= Epilogism =

Epilogism (ἐπίλογισμός; lit. "appraisal" or "assessment") is a theory-free method of inference used in Ancient Greek philosophy and Ancient Greek medicine in order to arrive at insight without deductive reasoning or inference based on unobservables, relying solely on reflection of what is already both visible and evident. It was used by Epicurus in his discussions of the philosophy of time, and also as a justification for his theory of psychological hedonism. In the Empiric school of medicine, it was one of the three main sources of knowledge, along with direct observation and the study of observations made by others.

== Epicurus ==
In his Letter to Herodotus, Epicurus introduces epilogism as a proof-free method of philosophical argumentation for comprehending the nature of time, which he did not consider to be an independently existing abstract object, and therefore did not believe could be studied through observation of the external world. Epicurus claimed that although we do not have a preconception of the nature time, we nonetheless speak of having "a lot of time" or "little time" and we can arrive at a better understanding of how we conceive of time falling into discrete periods by reflecting on what we mean when we say "a lot of time." Epicurus also argued in the Letter to Menoeceus that we can arrive at insight on the relations between pleasure and pain, desire, and happiness through an assessment of our own sense experience, preconceptions and feelings beyond what we already know from them alone.

== Empiric school of medicine ==

In the Empiric school of medicine, epilogism is one of the three sources or tripod of empiric medicine, along with personal observation and the study of observations collected by others.

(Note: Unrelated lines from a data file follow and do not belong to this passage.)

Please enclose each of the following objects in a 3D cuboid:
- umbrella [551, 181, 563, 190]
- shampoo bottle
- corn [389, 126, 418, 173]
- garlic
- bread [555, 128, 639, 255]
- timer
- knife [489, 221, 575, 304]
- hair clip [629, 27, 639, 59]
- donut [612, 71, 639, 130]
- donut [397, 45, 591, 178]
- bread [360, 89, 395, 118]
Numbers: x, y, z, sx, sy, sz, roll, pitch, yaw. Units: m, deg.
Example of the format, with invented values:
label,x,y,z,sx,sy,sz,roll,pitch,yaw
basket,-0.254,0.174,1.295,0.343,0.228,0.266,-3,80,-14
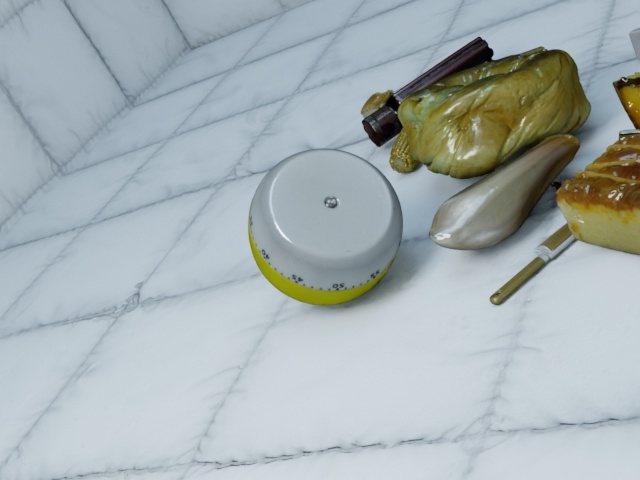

Menodotus of Nicomedia use of this notion was included in the extant Latin version of Galen's Subfiguratio empirica, where it was described as the third method in addition to perception and recollection. However, it is unclear whether Menodotus introduced this method to the Empiric school himself, or whether it was introduced by the earlier empiric physician Heraclides of Tarentum, who was an Epicurean.

For the empirics, epilogism was reasoning that focused on a temporarily hidden subject. It was employed as a method to uncover the provisionally hidden subjects, which are not entirely inaccessible to experience. It covered the ground addressed by the commemorative sign and featured the ordinary reasoning common to all human beings. It also had an exclusive focus on the phenomena and simply reported (without endorsing) the practice of the empirical doctor. As a medical method, it was used to infer the existence of something that is temporarily unclear, but in principle observable.

It is also said that the empirics devised epilogism to distinguish their kind of reasoning from the type used by the rationalists, which required an understanding of the underlying nature of things, including the link between consequence and exclusion drawn between states of affairs. Some also consider epilogism as the most extreme form of reasoning acceptable to the empirics.

==Modern reception==
Epilogism is discussed in The Black Swan: The Impact of the Highly Improbable by Nassim Nicholas Taleb, as a way of viewing history through the accumulation of facts without major generalization and with consideration of the consequences of making causal claims.